After locating the line with "for name, color, linetype" in the data that follows, return it and every later line exactly, up to and including the line with "p, dxfattribs=dict(at, rotation=rotation))".
━━━
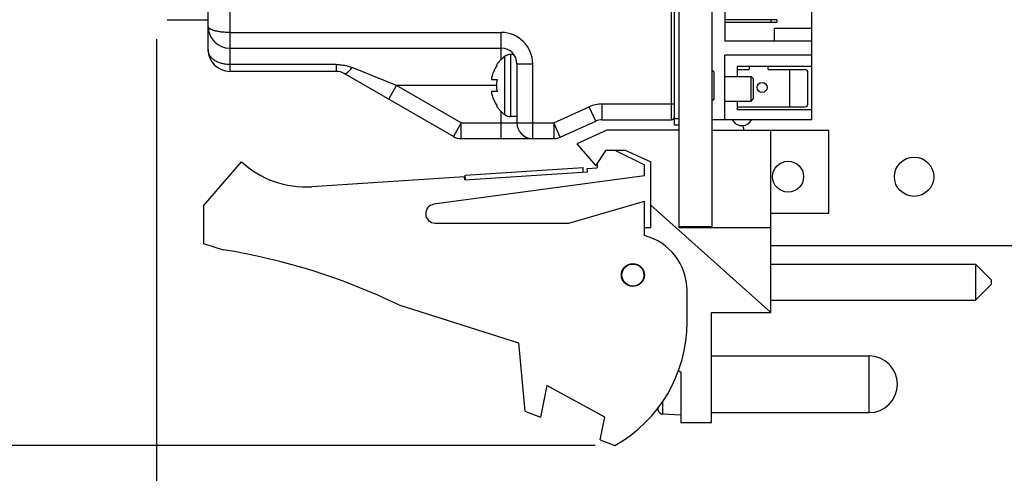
# Model space of a CAD drawing. Header units: inches. Extents: x 0 to 34, y 0 to 22.
# Tile 12 of 60: x 15 to 18.1, y 3.6 to 5. Entities that reach past the tile are written whole.
import ezdxf

# ---------------------------------------------------------------- set-up
doc = ezdxf.new("R2010")
doc.units = ezdxf.units.IN
doc.header["$LTSCALE"] = 1.87
doc.header["$MEASUREMENT"] = 0
doc.layers.get('0').update_dxf_attribs({"linetype": 'CONTINUOUS'})
for name, color, linetype in [('02___PRT_ALL_AXES', 7, 'CONTINUOUS'), ('5_ALL_CURVES', 7, 'CONTINUOUS'), ('DIMENSIONS', 7, 'CONTINUOUS')]:
    doc.layers.add(name, color=color, linetype=linetype)
doc.styles.get("Standard").update_dxf_attribs({"font": 'txt', "width": 0.8})
doc.dimstyles.new('DIMSTYLE_1', dxfattribs={"dimtxt": 0.125, "dimasz": 0.18, "dimexe": 0.125, "dimexo": 0.0625, "dimgap": 0.0625, "dimtad": 0, "dimtih": 1, "dimtoh": 1, "dimzin": 4, "dimdsep": 46, "dimtxsty": 'STANDARD', "dimblk": '_FILLED', "dimblk1": '_FILLED', "dimblk2": '_FILLED', "dimcen": 0.09, "dimadec": 0, "dimazin": 0, "dimtp": 0.005, "dimtm": 0.005, "dimtfac": 1, "dimtofl": 0, "dimtmove": 0, "dimatfit": 3, "dimldrblk": '_FILLED', "dimfxl": 1, "dimtolj": 1, "dimtzin": 4, "dimarcsym": 0})

# ---------------------------------------------------------------- blocks, each defined once
blk = doc.blocks.new('_FILLED')
at = {"color": 0, "linetype": 'BYBLOCK'}
blk.add_solid([(0, 0), (-1, 0.174), (-1, -0.174)], dxfattribs=at)
blk = doc.blocks.new('*D0')
at = {"layer": 'DIMENSIONS', "color": 2, "linetype": 'CONTINUOUS'}
for p, q in [((17.0229, 8.8005), (14.0448, 8.8005)), ((14.1698, 8.8005), (14.1698, 6.3565)), ((14.1698, 3.6625), (14.1698, 6.1065)), ((16.8189, 3.6625), (14.0448, 3.6625))]:
    blk.add_line(p, q, dxfattribs=at)
at = {"layer": 'DIMENSIONS', "color": 2, "linetype": 'CONTINUOUS', "xscale": 0.18, "yscale": 0.18, "zscale": 0.18}
for p, rotation in [((14.1698, 8.8005), 90), ((14.1698, 3.6625), 270)]:
    blk.add_blockref('_FILLED', p, dxfattribs=dict(at, rotation=rotation))
at = {"layer": 'DIMENSIONS', "color": 2, "linetype": 'CONTINUOUS', "insert": (14.1698, 6.294), "char_height": 0.125, "width": 1.425, "attachment_point": 2, "line_spacing_factor": 0.9}
blk.add_mtext('(5.14{\\Ftxt.shx;\\W1.000000;\\H0.125000; }[130.5])', dxfattribs=at)
blk = doc.blocks.new('*D1')
at = {"layer": 'DIMENSIONS', "color": 2, "linetype": 'CONTINUOUS'}
for p, q in [((23.9936, 6.528), (23.9936, 2.7896)), ((15.4262, 4.9543), (15.4262, 2.7896)), ((15.4262, 2.9146), (18.9349, 2.9146)), ((23.9936, 2.9146), (20.4849, 2.9146))]:
    blk.add_line(p, q, dxfattribs=at)
at = {"layer": 'DIMENSIONS', "color": 2, "linetype": 'CONTINUOUS', "xscale": 0.18, "yscale": 0.18, "zscale": 0.18, "rotation": 180}
blk.add_blockref('_FILLED', (15.4262, 2.9146), dxfattribs=at)
at = {"layer": 'DIMENSIONS', "color": 2, "linetype": 'CONTINUOUS', "xscale": 0.18, "yscale": 0.18, "zscale": 0.18}
blk.add_blockref('_FILLED', (23.9936, 2.9146), dxfattribs=at)
at = {"layer": 'DIMENSIONS', "color": 2, "linetype": 'CONTINUOUS', "insert": (19.7099, 2.9771), "char_height": 0.125, "width": 1.425, "attachment_point": 2, "line_spacing_factor": 0.9}
blk.add_mtext('(8.57{\\Ftxt.shx;\\W1.000000;\\H0.125000; }[217.6])', dxfattribs=at)

msp = doc.modelspace()

# ---------------------------------------------------------------- linework, layer by layer
at = {"color": 7, "linetype": 'CONTINUOUS'}
for p, q in [((17.0704, 4.6805), (17.0704, 8.7905)), ((17.0854, 4.3545), (17.0854, 8.8005)), ((17.1904, 4.3545), (17.1904, 8.8005)), ((15.6588, 8.5399), (15.6588, 4.8515)), ((17.0604, 8.56), (17.0604, 4.6979)), ((15.5899, 4.9204), (15.5899, 8.471)), ((17.5064, 4.6979), (17.5064, 6.379)), ((17.2308, 6.129), (17.2308, 4.9479)), ((15.4597, 5.0157), (15.5899, 5.0157)), ((17.3961, 5.0148), (17.2308, 5.0148)), ((17.3961, 5.007), (17.2308, 5.007)), ((17.3764, 5.0148), (17.3764, 5.007)), ((17.3961, 5.0148), (17.3961, 5.007)), ((15.6588, 4.975), (16.5204, 4.975)), ((16.5204, 4.889), (16.5204, 4.975)), ((17.3882, 4.9479), (17.3882, 4.9873)), ((17.5064, 4.9873), (17.3882, 4.9873)), ((17.5064, 4.9479), (17.2308, 4.9479)), ((15.6588, 4.925), (16.5204, 4.925)), ((16.5315, 4.714), (16.5315, 4.8989)), ((16.5496, 4.905), (16.5496, 4.708)), ((17.2308, 4.6979), (17.2308, 4.9026)), ((17.5064, 4.9026), (17.2308, 4.9026)), ((15.9966, 4.8733), (15.6588, 4.8733)), ((15.9966, 4.8515), (15.6588, 4.8515)), ((15.9966, 4.8733), (15.9966, 4.8515)), ((16.1881, 4.8065), (16.0466, 4.8639)), ((16.505, 4.871), (16.507, 4.871)), ((16.5704, 4.875), (16.5704, 4.6879)), ((16.5704, 4.875), (16.6204, 4.875)), ((16.6204, 4.6379), (16.6204, 4.875)), ((17.1954, 4.8505), (17.1904, 4.8555)), ((17.1954, 4.8505), (17.1954, 4.7625)), ((17.2701, 4.8672), (17.2701, 4.8357)), ((17.5064, 4.8672), (17.2701, 4.8672)), ((17.2701, 4.8573), (17.3074, 4.8573)), ((17.3074, 4.8672), (17.3074, 4.8573)), ((17.3681, 4.8573), (17.3681, 4.8672)), ((17.3681, 4.8573), (17.4847, 4.8573)), ((17.4355, 4.8573), (17.4355, 4.7392)), ((17.4945, 4.7491), (17.4945, 4.8475)), ((16.3685, 4.6446), (16.0216, 4.8448)), ((16.4899, 4.826), (16.507, 4.826)), ((17.2308, 4.8357), (17.3137, 4.8357)), ((17.3137, 4.8357), (17.3216, 4.8278)), ((17.3137, 4.757), (17.3137, 4.8357)), ((17.3216, 4.7648), (17.3216, 4.8278)), ((16.1631, 4.7632), (16.1881, 4.8065)), ((16.3935, 4.6879), (16.1881, 4.8065)), ((16.505, 4.8065), (16.1881, 4.8065)), ((16.507, 4.787), (16.4899, 4.787)), ((17.1954, 4.7625), (17.1904, 4.7575)), ((17.2308, 4.757), (17.3137, 4.757)), ((17.2701, 4.757), (17.2701, 4.7294)), ((17.3137, 4.757), (17.3216, 4.7648)), ((16.507, 4.742), (16.505, 4.742)), ((16.5204, 4.6379), (16.5204, 4.7239)), ((16.687, 4.6879), (16.7999, 4.739)), ((16.8205, 4.6935), (16.7999, 4.739)), ((16.8412, 4.6979), (16.8412, 4.7479)), ((16.8412, 4.7479), (17.0704, 4.7479)), ((17.2701, 4.7392), (17.4847, 4.7392)), ((17.5064, 4.7294), (17.2701, 4.7294)), ((16.7076, 4.6423), (16.8205, 4.6935)), ((16.8412, 4.6979), (17.0604, 4.6979)), ((17.0854, 4.7005), (17.0704, 4.7005)), ((17.5064, 4.6979), (17.1904, 4.6979)), ((16.3935, 4.6879), (16.3685, 4.6446)), ((16.3935, 4.6379), (16.3935, 4.6879)), ((16.3935, 4.6879), (16.687, 4.6879)), ((16.7076, 4.6423), (16.687, 4.6879)), ((16.687, 4.6879), (16.687, 4.6379)), ((16.8554, 4.6645), (16.7604, 4.6215)), ((17.0854, 4.6645), (16.8554, 4.6645)), ((17.0854, 4.6805), (17.0704, 4.6805)), ((17.1904, 4.6645), (17.5604, 4.6645)), ((17.3764, 4.0855), (17.3764, 4.6645)), ((17.5604, 4.4015), (17.5604, 4.6645)), ((16.3935, 4.6379), (16.687, 4.6379)), ((16.7604, 4.6215), (16.8204, 4.5515)), ((16.8204, 4.5515), (16.8535, 4.6015)), ((16.8535, 4.6015), (16.9135, 4.6015)), ((16.8814, 4.6015), (16.9754, 4.5545)), ((16.9135, 4.6015), (16.9954, 4.5645)), ((15.5754, 4.4245), (15.6954, 4.5645)), ((16.4059, 4.5221), (16.7801, 4.5466)), ((16.7811, 4.5316), (16.7801, 4.5466)), ((16.7934, 4.5425), (16.8254, 4.5445)), ((16.7941, 4.5325), (16.7934, 4.5425)), ((16.8254, 4.5591), (16.8254, 4.5445)), ((16.9754, 4.5195), (16.9754, 4.5545)), ((16.9954, 4.3545), (16.9954, 4.5645)), ((15.9189, 4.4852), (16.4043, 4.517)), ((16.9754, 4.5195), (16.3064, 4.4293)), ((16.4049, 4.507), (16.4043, 4.517)), ((16.4049, 4.507), (16.7941, 4.5325)), ((16.4069, 4.5071), (16.4059, 4.5221)), ((15.5754, 4.4245), (15.5754, 4.3045)), ((16.7354, 4.3695), (16.9754, 4.4395)), ((16.9754, 4.3295), (16.9754, 4.4395)), ((17.3764, 4.0855), (16.9954, 4.4262)), ((17.3764, 4.4015), (17.5604, 4.4015)), ((16.3104, 4.3695), (16.7354, 4.3695)), ((16.9954, 4.3545), (16.9754, 4.3545)), ((17.1904, 4.3575), (17.0854, 4.3575)), ((17.3764, 4.3545), (17.0854, 4.3545)), ((15.5754, 4.3045), (15.6374, 4.285)), ((17.3764, 4.2984), (23.5113, 4.2984)), ((17.3764, 4.2393), (18.0264, 4.2393)), ((18.0764, 4.1893), (18.0264, 4.2393)), ((18.0264, 4.2393), (18.0264, 4.1243)), ((18.0764, 4.1743), (18.0264, 4.1243)), ((18.0764, 4.1893), (18.0764, 4.1743)), ((17.1104, 4.0545), (17.1104, 4.1553)), ((16.1953, 4.1093), (16.5754, 3.9895)), ((17.3764, 4.1243), (18.0264, 4.1243)), ((17.1884, 3.7355), (17.1884, 4.0855)), ((17.1884, 4.0855), (17.3764, 4.0855)), ((16.5754, 3.9895), (16.5954, 3.7725)), ((17.0826, 3.902), (17.0904, 3.8955)), ((17.0904, 3.8955), (17.0904, 3.7355)), ((16.6654, 3.8533), (16.6454, 3.7533)), ((16.8493, 3.7533), (16.6654, 3.8533)), ((17.019, 3.7743), (17.019, 3.7844)), ((17.0332, 3.7628), (17.0332, 3.8032)), ((16.5954, 3.7725), (16.6454, 3.7533)), ((16.8348, 3.6805), (16.8493, 3.7533)), ((17.0904, 3.7595), (17.0332, 3.7628)), ((17.0904, 3.7355), (17.1884, 3.7355)), ((16.8348, 3.6805), (16.8814, 3.6625))]:
    msp.add_line(p, q, dxfattribs=at)
for centre, radius in [((17.3489, 4.8003), 0.0157), ((17.4314, 4.5169), 0.0492), ((17.8314, 4.5169), 0.0625), ((16.9384, 4.2045), 0.0365), ((16.9384, 4.2045), 0.035)]:
    msp.add_circle(centre, radius, dxfattribs=at)
for centre, radius, start, end in [((15.6588, 4.9939), 0.0689, 180, 270), ((16.5204, 4.875), 0.1, 0, 90), ((15.6588, 4.9204), 0.0689, 180, 270), ((16.5204, 4.875), 0.05, 0, 90), ((16.6011, 4.8065), 0.1157, 126.9387, 146.1193), ((16.5496, 4.875), 0.03, 90, 126.9387), ((15.9966, 4.8015), 0.05, 60, 90), ((16.6011, 4.8065), 0.114, 145.5591, 167.0799), ((17.4847, 4.8475), 0.00984, 0, 90), ((16.5455, 4.829), 0.0557, 176.9101, 183.0899), ((16.6011, 4.8065), 0.0961, 168.2872, 191.7128), ((16.5455, 4.784), 0.0557, 176.9101, 183.0899), ((16.6011, 4.8065), 0.114, 192.9201, 214.4409), ((16.6011, 4.8065), 0.1157, 213.8807, 233.0613), ((16.8412, 4.6479), 0.1, 90, 114.353), ((17.4847, 4.7491), 0.00984, 270, 360), ((16.5496, 4.738), 0.03, 233.0613, 270), ((16.8412, 4.6479), 0.05, 90, 114.353), ((17.0604, 4.7079), 0.01, 270, 360), ((17.2847, 4.7136), 0.0344, 274.3497, 332.1964), ((16.6204, 4.6879), 0.05, 180, 270), ((17.2439, 4.6615), 0.047, 3.8204, 22.3015), ((16.3935, 4.6879), 0.05, 240, 270), ((16.687, 4.6879), 0.05, 270, 294.353), ((15.8993, 4.7845), 0.3, 227.1666, 273.7467), ((16.3104, 4.3995), 0.03, 97.6845, 270), ((16.9304, 4.1553), 0.18, 0, 75.5225), ((15.314, 2.285), 2.026, 64.2145, 80.8167), ((16.6604, 4.0545), 0.45, 299.4136, 360), ((17.3207, 3.8575), 0.313, 193.9514, 195.4149), ((17.0341, 3.7785), 0.0157, 195.4149, 266.6961)]:
    msp.add_arc(centre, radius, start, end, dxfattribs=at)
for points, knots in [([(15.6588, 4.975), (15.6542, 4.9749), (15.6453, 4.9752), (15.6323, 4.9763), (15.6221, 4.9778), (15.6147, 4.9793), (15.6097, 4.9805), (15.6053, 4.9819), (15.6013, 4.9834), (15.5979, 4.9849), (15.595, 4.9866), (15.5928, 4.9883), (15.5911, 4.9901), (15.5901, 4.9919), (15.5899, 4.9932), (15.5899, 4.9939)], [0, 0, 0, 0, 0.183321, 0.359529, 0.521791, 0.595981, 0.664742, 0.72759, 0.784246, 0.834536, 0.878411, 0.915952, 0.947524, 0.974613, 1, 1, 1, 1]), ([(15.6588, 4.8733), (15.6543, 4.8733), (15.6453, 4.8739), (15.6324, 4.8764), (15.6205, 4.8806), (15.61, 4.8862), (15.6026, 4.8922), (15.5979, 4.8976), (15.595, 4.9019), (15.5927, 4.9063), (15.5911, 4.9109), (15.5901, 4.9156), (15.5899, 4.9188), (15.5899, 4.9204)], [0, 0, 0, 0, 0.146613, 0.290057, 0.427296, 0.556466, 0.676737, 0.73384, 0.789163, 0.842988, 0.895673, 0.947784, 1, 1, 1, 1]), ([(15.9966, 4.8733), (16.0009, 4.8733), (16.0116, 4.8728), (16.0285, 4.8701), (16.0407, 4.8663), (16.0466, 4.8639)], [0, 0, 0, 0, 0.251972, 0.627905, 1, 1, 1, 1]), ([(16.0216, 4.8448), (16.0219, 4.8447), (16.0225, 4.8444), (16.0235, 4.8443), (16.0247, 4.8444), (16.0259, 4.8447), (16.0273, 4.8452), (16.0293, 4.8463), (16.032, 4.8482), (16.0354, 4.8511), (16.0391, 4.8547), (16.0429, 4.8591), (16.0454, 4.8622), (16.0466, 4.8639)], [0, 0, 0, 0, 0.028981, 0.059836, 0.094017, 0.132562, 0.176149, 0.225136, 0.339747, 0.476434, 0.633763, 0.80948, 1, 1, 1, 1])]:
    msp.add_open_spline(points, degree=3, knots=knots, dxfattribs=at)
at = {"layer": '02___PRT_ALL_AXES', "color": 7, "linetype": 'CONTINUOUS'}
for p, q in [((16.5603, 4.905), (16.5496, 4.905)), ((16.5704, 4.708), (16.5496, 4.708)), ((17.1884, 3.9475), (17.6884, 3.9475)), ((17.6884, 3.7675), (17.6884, 3.9475)), ((17.1884, 3.7675), (17.6884, 3.7675))]:
    msp.add_line(p, q, dxfattribs=at)
msp.add_arc((17.6884, 3.8575), 0.09, 270, 90, dxfattribs=at)
at = {"layer": '5_ALL_CURVES', "color": 40, "linetype": 'CONTINUOUS'}
msp.add_arc((17.2847, 4.7136), 0.0344, 207.2064, 274.3851, dxfattribs=at)

# ---------------------------------------------------------------- dimensions: what is measured, and where the dimension line sits
at = {"layer": 'DIMENSIONS', "color": 2, "linetype": 'CONTINUOUS'}
dim = msp.add_linear_dim(base=(14.1698, 3.6625), p1=(17.0854, 8.8005), p2=(16.8814, 3.6625), angle=270, text='(<>)', dimstyle='DIMSTYLE_1', dxfattribs=at)
dim.commit()
dim.dimension.update_dxf_attribs({"geometry": '*D0', "text_midpoint": (14.1698, 6.2315), "dimtype": 160})
dim = msp.add_linear_dim(base=(23.9936, 2.9146), p1=(15.4262, 5.0168), p2=(23.9936, 6.5905), text='(<>)', dimstyle='DIMSTYLE_1', dxfattribs=at)
dim.commit()
dim.dimension.update_dxf_attribs({"geometry": '*D1', "text_midpoint": (19.7099, 2.9146), "dimtype": 160})

doc.saveas('drawing.dxf')
━━━
Answer box:
for name, color, linetype in [('02___PRT_ALL_AXES', 7, 'CONTINUOUS'), ('5_ALL_CURVES', 7, 'CONTINUOUS'), ('DIMENSIONS', 7, 'CONTINUOUS')]:
    doc.layers.add(name, color=color, linetype=linetype)
doc.styles.get("Standard").update_dxf_attribs({"font": 'txt', "width": 0.8})
doc.dimstyles.new('DIMSTYLE_1', dxfattribs={"dimtxt": 0.125, "dimasz": 0.18, "dimexe": 0.125, "dimexo": 0.0625, "dimgap": 0.0625, "dimtad": 0, "dimtih": 1, "dimtoh": 1, "dimzin": 4, "dimdsep": 46, "dimtxsty": 'STANDARD', "dimblk": '_FILLED', "dimblk1": '_FILLED', "dimblk2": '_FILLED', "dimcen": 0.09, "dimadec": 0, "dimazin": 0, "dimtp": 0.005, "dimtm": 0.005, "dimtfac": 1, "dimtofl": 0, "dimtmove": 0, "dimatfit": 3, "dimldrblk": '_FILLED', "dimfxl": 1, "dimtolj": 1, "dimtzin": 4, "dimarcsym": 0})

# ---------------------------------------------------------------- blocks, each defined once
blk = doc.blocks.new('_FILLED')
at = {"color": 0, "linetype": 'BYBLOCK'}
blk.add_solid([(0, 0), (-1, 0.174), (-1, -0.174)], dxfattribs=at)
blk = doc.blocks.new('*D0')
at = {"layer": 'DIMENSIONS', "color": 2, "linetype": 'CONTINUOUS'}
for p, q in [((17.0229, 8.8005), (14.0448, 8.8005)), ((14.1698, 8.8005), (14.1698, 6.3565)), ((14.1698, 3.6625), (14.1698, 6.1065)), ((16.8189, 3.6625), (14.0448, 3.6625))]:
    blk.add_line(p, q, dxfattribs=at)
at = {"layer": 'DIMENSIONS', "color": 2, "linetype": 'CONTINUOUS', "xscale": 0.18, "yscale": 0.18, "zscale": 0.18}
for p, rotation in [((14.1698, 8.8005), 90), ((14.1698, 3.6625), 270)]:
    blk.add_blockref('_FILLED', p, dxfattribs=dict(at, rotation=rotation))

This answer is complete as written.